ZFS disk benchmark causes crash

badincite

New Member
Aug 3, 2022
13
0
1
New to Proxmox doing some testing on and old pc before I move my esxi server over. When running a benchmark on a 4 drive raidz seeing really high speed assuming its using the ram as a cache. However every time I do a benchmark on the zfs disk it's crashing . What cache setting should I use for primarily read operations my server volume will be used for plex.
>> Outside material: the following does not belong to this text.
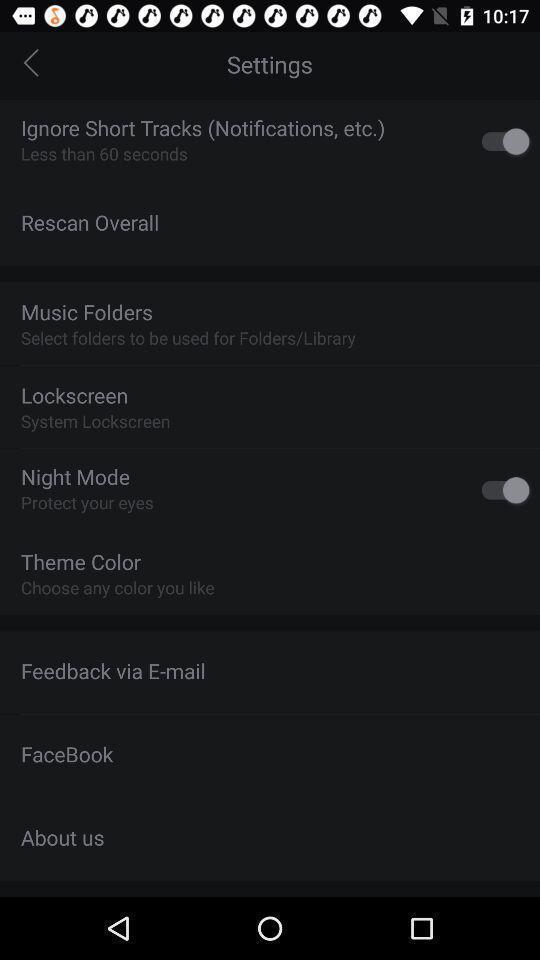What details can you identify in this image? Settings page displaying.

Assuming my crashing issues are just due to the test hardware.

Current Test hardware
CPU: i5-4570
MEM: 16GB

Current Server Hardware
MB: EP2C602-4L/D16
CPU: Dual E5-2680's
GPU: GTX 1060 Passthrough to VM
MEM: 128GB ECC
HBA: Dell Perc H200 ~ I will be flashing this into IT mode
 
Last edited:
The whole system locks up I guess it's resetting no text in the web console. The VM is shut down when it comes back. I was using crystal discmark and atto disk benchmark.
 
Last edited:
The whole system locks up I guess it's resetting no text in the web console. The VM is shut down when it comes back. I was using crystal discmark and atto disk benchmark.
Look for OOM in syslog: cat /var/log/syslog | grep OOM to see if you are running out of RAM. ZFS by default will use up to 64GB for caching in your case. And if you use a cache mode other than "none" then there will be additilnal RAM be used by KVM for caching. So in case you gave your VMs/LXCs something like 64GB of RAM you could simply run out of RAM so OOM kills the VM to free some RAM.
 
I seemed to have fixed it, I recreated the windows 10 vm and used the recommended settings I think that was causing the issue.

Does no-cache mean no ram cache? Wondering how I'm getting these speeds with raidz and 4 spinning drives. Seems like no-cache gives better speeds.

NoCache.PNG

WriteThough.PNG
 
ZFS will already cache in RAM when cache mode "none" is selected (read about "ARC"). If you select anything else like "writethrough" or "writeback" KVM will additionally cache in the hosts RAM. So everything will be double cached in RAM. And then your guest OS will cache in virtual RAM too. So you might cache the same data 2 or 3 times wasting memory bandwidth and RAM capacity. Thats why cache mode "none" is recommended when using ZFS.

@Neobin:
So according to your link consumer SSDs and HDDs with cache mode "none" would loose async writes on an power outage while enterprise SSDs should be save as physical cache is kind of persistent because of PLP. so in theory it would be saver to use cache mode "writethrough" with consumer SSDs and HDDs as the volatile RAM cache will be skipped?
Such a diagram including ZFS and its caches would be also interesting.
 
Last edited:
ZFS will already cache in RAM when cache mode "none" is selected (read about "ARC"). If you select anything else like "writethrough" or "writeback" KVM will additionally cache in the hosts RAM. So everything will be double cached in RAM. And then your guest OS will cache in virtual RAM too. So you might cache the same data 2 or 3 times wasting memory bandwidth and RAM capacity. Thats why cache mode "none" is recommended when using ZFS.

@Neobin:
So according to your link consumer SSDs and HDDs with cache mode "none" would loose async writes on an power outage while enterprise SSDs should be save as physical cache is kind of persistent because of PLP. so in theory it would be saver to use cache mode "writethrough" with consumer SSDs and HDDs as the volatile RAM cache will be skipped?
Such a diagram including ZFS and its caches would be also interesting.
Thanks I I get it now, didn't see zfs recommended no-cache. Since zfs caches in ram is a zram disk even beneficial for something like a transcoding drive for Plex.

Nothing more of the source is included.